#### [WORK REQUEST]
Below is a listing; give only the number of its lines that contain the word "title".

#### [SOURCE DATA]
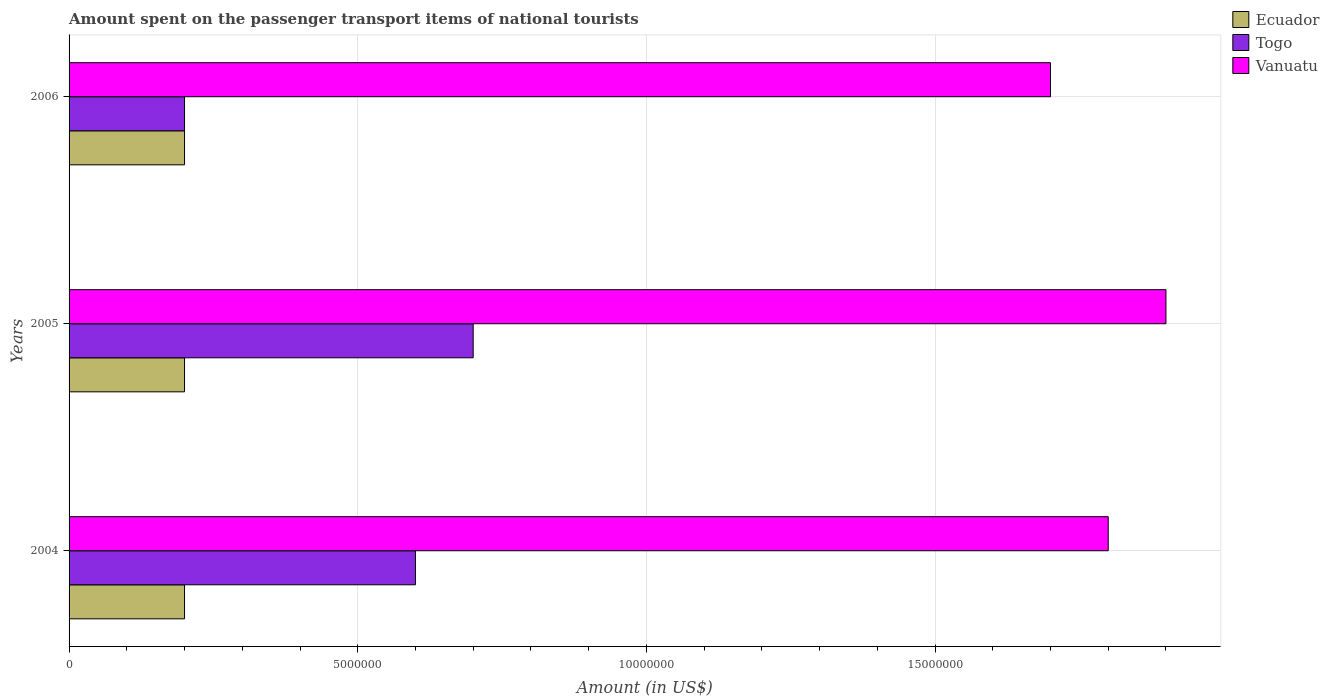How many different coloured bars are there?
Offer a very short reply. 3. Are the number of bars per tick equal to the number of legend labels?
Your response must be concise. Yes. Are the number of bars on each tick of the Y-axis equal?
Provide a short and direct response. Yes. How many bars are there on the 1st tick from the bottom?
Offer a very short reply. 3. What is the label of the 2nd group of bars from the top?
Offer a terse response. 2005. In how many cases, is the number of bars for a given year not equal to the number of legend labels?
Your response must be concise. 0. What is the amount spent on the passenger transport items of national tourists in Vanuatu in 2006?
Offer a very short reply. 1.70e+07. In which year was the amount spent on the passenger transport items of national tourists in Ecuador minimum?
Your answer should be compact. 2004. What is the total amount spent on the passenger transport items of national tourists in Ecuador in the graph?
Provide a short and direct response. 6.00e+06. What is the difference between the amount spent on the passenger transport items of national tourists in Ecuador in 2004 and that in 2006?
Make the answer very short. 0. What is the difference between the amount spent on the passenger transport items of national tourists in Vanuatu in 2004 and the amount spent on the passenger transport items of national tourists in Togo in 2006?
Provide a succinct answer. 1.60e+07. What is the average amount spent on the passenger transport items of national tourists in Vanuatu per year?
Make the answer very short. 1.80e+07. In the year 2006, what is the difference between the amount spent on the passenger transport items of national tourists in Ecuador and amount spent on the passenger transport items of national tourists in Togo?
Keep it short and to the point. 0. In how many years, is the amount spent on the passenger transport items of national tourists in Togo greater than 5000000 US$?
Offer a terse response. 2. What is the ratio of the amount spent on the passenger transport items of national tourists in Togo in 2005 to that in 2006?
Your answer should be compact. 3.5. Is the difference between the amount spent on the passenger transport items of national tourists in Ecuador in 2004 and 2006 greater than the difference between the amount spent on the passenger transport items of national tourists in Togo in 2004 and 2006?
Keep it short and to the point. No. In how many years, is the amount spent on the passenger transport items of national tourists in Vanuatu greater than the average amount spent on the passenger transport items of national tourists in Vanuatu taken over all years?
Offer a very short reply. 1. Is the sum of the amount spent on the passenger transport items of national tourists in Togo in 2004 and 2005 greater than the maximum amount spent on the passenger transport items of national tourists in Vanuatu across all years?
Provide a succinct answer. No. What does the 2nd bar from the top in 2004 represents?
Offer a very short reply. Togo. What does the 2nd bar from the bottom in 2006 represents?
Provide a short and direct response. Togo. Is it the case that in every year, the sum of the amount spent on the passenger transport items of national tourists in Ecuador and amount spent on the passenger transport items of national tourists in Vanuatu is greater than the amount spent on the passenger transport items of national tourists in Togo?
Your answer should be compact. Yes. How many bars are there?
Provide a short and direct response. 9. Are the values on the major ticks of X-axis written in scientific E-notation?
Provide a short and direct response. No. Does the graph contain any zero values?
Your answer should be very brief. No. Does the graph contain grids?
Your answer should be very brief. Yes. How many legend labels are there?
Make the answer very short. 3. What is the title of the graph?
Give a very brief answer. Amount spent on the passenger transport items of national tourists. Does "Curacao" appear as one of the legend labels in the graph?
Keep it short and to the point. No. What is the label or title of the X-axis?
Your answer should be compact. Amount (in US$). What is the Amount (in US$) of Ecuador in 2004?
Offer a terse response. 2.00e+06. What is the Amount (in US$) in Vanuatu in 2004?
Ensure brevity in your answer.  1.80e+07. What is the Amount (in US$) of Togo in 2005?
Your answer should be compact. 7.00e+06. What is the Amount (in US$) of Vanuatu in 2005?
Give a very brief answer. 1.90e+07. What is the Amount (in US$) in Vanuatu in 2006?
Make the answer very short. 1.70e+07. Across all years, what is the maximum Amount (in US$) of Vanuatu?
Your answer should be very brief. 1.90e+07. Across all years, what is the minimum Amount (in US$) in Ecuador?
Your response must be concise. 2.00e+06. Across all years, what is the minimum Amount (in US$) in Togo?
Provide a succinct answer. 2.00e+06. Across all years, what is the minimum Amount (in US$) of Vanuatu?
Keep it short and to the point. 1.70e+07. What is the total Amount (in US$) of Ecuador in the graph?
Give a very brief answer. 6.00e+06. What is the total Amount (in US$) in Togo in the graph?
Provide a short and direct response. 1.50e+07. What is the total Amount (in US$) in Vanuatu in the graph?
Make the answer very short. 5.40e+07. What is the difference between the Amount (in US$) of Togo in 2004 and that in 2005?
Your answer should be very brief. -1.00e+06. What is the difference between the Amount (in US$) of Vanuatu in 2004 and that in 2005?
Keep it short and to the point. -1.00e+06. What is the difference between the Amount (in US$) in Ecuador in 2004 and that in 2006?
Make the answer very short. 0. What is the difference between the Amount (in US$) of Togo in 2004 and that in 2006?
Offer a terse response. 4.00e+06. What is the difference between the Amount (in US$) in Ecuador in 2005 and that in 2006?
Give a very brief answer. 0. What is the difference between the Amount (in US$) of Vanuatu in 2005 and that in 2006?
Give a very brief answer. 2.00e+06. What is the difference between the Amount (in US$) of Ecuador in 2004 and the Amount (in US$) of Togo in 2005?
Make the answer very short. -5.00e+06. What is the difference between the Amount (in US$) of Ecuador in 2004 and the Amount (in US$) of Vanuatu in 2005?
Your response must be concise. -1.70e+07. What is the difference between the Amount (in US$) of Togo in 2004 and the Amount (in US$) of Vanuatu in 2005?
Provide a succinct answer. -1.30e+07. What is the difference between the Amount (in US$) of Ecuador in 2004 and the Amount (in US$) of Togo in 2006?
Provide a succinct answer. 0. What is the difference between the Amount (in US$) in Ecuador in 2004 and the Amount (in US$) in Vanuatu in 2006?
Keep it short and to the point. -1.50e+07. What is the difference between the Amount (in US$) of Togo in 2004 and the Amount (in US$) of Vanuatu in 2006?
Ensure brevity in your answer.  -1.10e+07. What is the difference between the Amount (in US$) of Ecuador in 2005 and the Amount (in US$) of Vanuatu in 2006?
Your answer should be very brief. -1.50e+07. What is the difference between the Amount (in US$) of Togo in 2005 and the Amount (in US$) of Vanuatu in 2006?
Your response must be concise. -1.00e+07. What is the average Amount (in US$) of Vanuatu per year?
Your answer should be compact. 1.80e+07. In the year 2004, what is the difference between the Amount (in US$) in Ecuador and Amount (in US$) in Vanuatu?
Keep it short and to the point. -1.60e+07. In the year 2004, what is the difference between the Amount (in US$) of Togo and Amount (in US$) of Vanuatu?
Offer a terse response. -1.20e+07. In the year 2005, what is the difference between the Amount (in US$) in Ecuador and Amount (in US$) in Togo?
Offer a very short reply. -5.00e+06. In the year 2005, what is the difference between the Amount (in US$) in Ecuador and Amount (in US$) in Vanuatu?
Offer a very short reply. -1.70e+07. In the year 2005, what is the difference between the Amount (in US$) of Togo and Amount (in US$) of Vanuatu?
Keep it short and to the point. -1.20e+07. In the year 2006, what is the difference between the Amount (in US$) in Ecuador and Amount (in US$) in Togo?
Make the answer very short. 0. In the year 2006, what is the difference between the Amount (in US$) of Ecuador and Amount (in US$) of Vanuatu?
Ensure brevity in your answer.  -1.50e+07. In the year 2006, what is the difference between the Amount (in US$) of Togo and Amount (in US$) of Vanuatu?
Your response must be concise. -1.50e+07. What is the ratio of the Amount (in US$) in Togo in 2004 to that in 2005?
Offer a very short reply. 0.86. What is the ratio of the Amount (in US$) in Vanuatu in 2004 to that in 2005?
Give a very brief answer. 0.95. What is the ratio of the Amount (in US$) in Vanuatu in 2004 to that in 2006?
Offer a terse response. 1.06. What is the ratio of the Amount (in US$) in Ecuador in 2005 to that in 2006?
Provide a short and direct response. 1. What is the ratio of the Amount (in US$) in Togo in 2005 to that in 2006?
Your response must be concise. 3.5. What is the ratio of the Amount (in US$) of Vanuatu in 2005 to that in 2006?
Keep it short and to the point. 1.12. What is the difference between the highest and the second highest Amount (in US$) in Togo?
Your answer should be compact. 1.00e+06. What is the difference between the highest and the lowest Amount (in US$) of Ecuador?
Your answer should be very brief. 0. What is the difference between the highest and the lowest Amount (in US$) of Togo?
Provide a succinct answer. 5.00e+06. What is the difference between the highest and the lowest Amount (in US$) in Vanuatu?
Ensure brevity in your answer.  2.00e+06. 
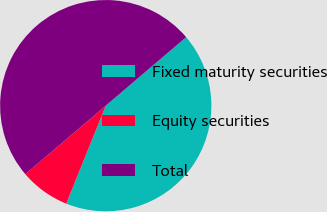Convert chart to OTSL. <chart><loc_0><loc_0><loc_500><loc_500><pie_chart><fcel>Fixed maturity securities<fcel>Equity securities<fcel>Total<nl><fcel>42.33%<fcel>7.67%<fcel>50.0%<nl></chart> 
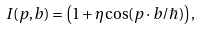Convert formula to latex. <formula><loc_0><loc_0><loc_500><loc_500>I ( { p } , { b } ) = \left ( 1 + \eta \cos ( { p \cdot b } / \hbar { ) } \right ) ,</formula> 
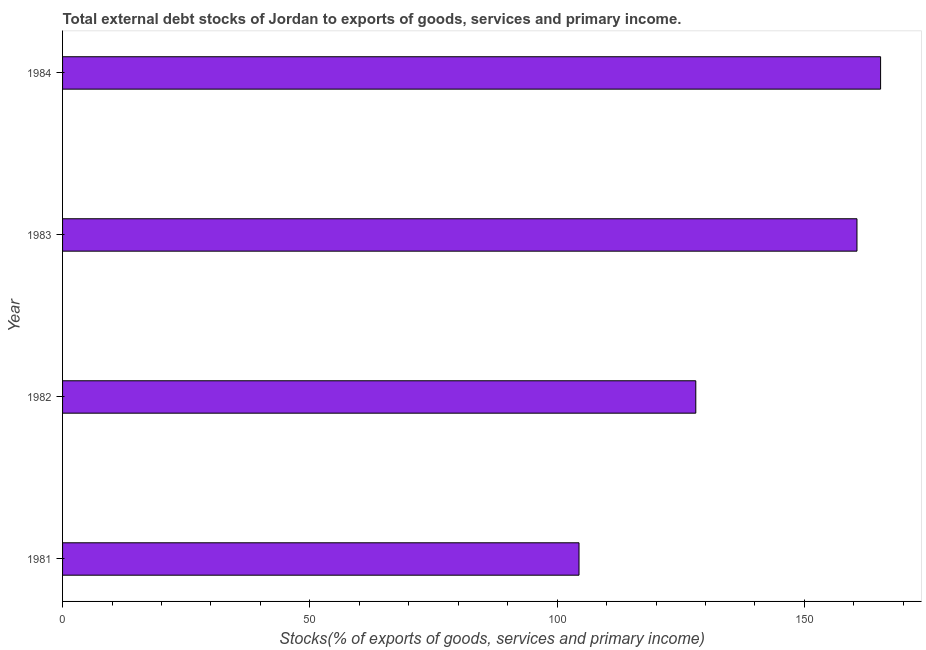Does the graph contain any zero values?
Your answer should be compact. No. Does the graph contain grids?
Your answer should be very brief. No. What is the title of the graph?
Your answer should be very brief. Total external debt stocks of Jordan to exports of goods, services and primary income. What is the label or title of the X-axis?
Offer a terse response. Stocks(% of exports of goods, services and primary income). What is the label or title of the Y-axis?
Keep it short and to the point. Year. What is the external debt stocks in 1982?
Your answer should be compact. 128.04. Across all years, what is the maximum external debt stocks?
Provide a succinct answer. 165.41. Across all years, what is the minimum external debt stocks?
Offer a terse response. 104.43. In which year was the external debt stocks minimum?
Your answer should be very brief. 1981. What is the sum of the external debt stocks?
Keep it short and to the point. 558.52. What is the difference between the external debt stocks in 1982 and 1983?
Your answer should be very brief. -32.59. What is the average external debt stocks per year?
Offer a terse response. 139.63. What is the median external debt stocks?
Offer a very short reply. 144.34. Do a majority of the years between 1982 and 1981 (inclusive) have external debt stocks greater than 110 %?
Provide a succinct answer. No. What is the ratio of the external debt stocks in 1982 to that in 1984?
Keep it short and to the point. 0.77. Is the difference between the external debt stocks in 1981 and 1982 greater than the difference between any two years?
Offer a terse response. No. What is the difference between the highest and the second highest external debt stocks?
Offer a terse response. 4.78. What is the difference between the highest and the lowest external debt stocks?
Offer a terse response. 60.98. In how many years, is the external debt stocks greater than the average external debt stocks taken over all years?
Provide a succinct answer. 2. How many bars are there?
Ensure brevity in your answer.  4. Are all the bars in the graph horizontal?
Your answer should be very brief. Yes. Are the values on the major ticks of X-axis written in scientific E-notation?
Give a very brief answer. No. What is the Stocks(% of exports of goods, services and primary income) in 1981?
Your answer should be very brief. 104.43. What is the Stocks(% of exports of goods, services and primary income) of 1982?
Offer a terse response. 128.04. What is the Stocks(% of exports of goods, services and primary income) of 1983?
Ensure brevity in your answer.  160.63. What is the Stocks(% of exports of goods, services and primary income) in 1984?
Keep it short and to the point. 165.41. What is the difference between the Stocks(% of exports of goods, services and primary income) in 1981 and 1982?
Provide a succinct answer. -23.61. What is the difference between the Stocks(% of exports of goods, services and primary income) in 1981 and 1983?
Offer a terse response. -56.2. What is the difference between the Stocks(% of exports of goods, services and primary income) in 1981 and 1984?
Your answer should be compact. -60.98. What is the difference between the Stocks(% of exports of goods, services and primary income) in 1982 and 1983?
Offer a terse response. -32.59. What is the difference between the Stocks(% of exports of goods, services and primary income) in 1982 and 1984?
Offer a terse response. -37.36. What is the difference between the Stocks(% of exports of goods, services and primary income) in 1983 and 1984?
Keep it short and to the point. -4.78. What is the ratio of the Stocks(% of exports of goods, services and primary income) in 1981 to that in 1982?
Provide a succinct answer. 0.82. What is the ratio of the Stocks(% of exports of goods, services and primary income) in 1981 to that in 1983?
Keep it short and to the point. 0.65. What is the ratio of the Stocks(% of exports of goods, services and primary income) in 1981 to that in 1984?
Offer a terse response. 0.63. What is the ratio of the Stocks(% of exports of goods, services and primary income) in 1982 to that in 1983?
Provide a short and direct response. 0.8. What is the ratio of the Stocks(% of exports of goods, services and primary income) in 1982 to that in 1984?
Offer a very short reply. 0.77. What is the ratio of the Stocks(% of exports of goods, services and primary income) in 1983 to that in 1984?
Provide a succinct answer. 0.97. 
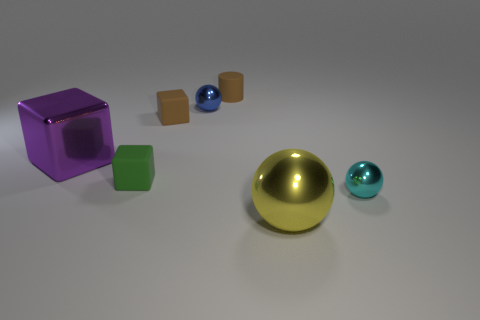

#### [WRITTEN SOLUTION]
5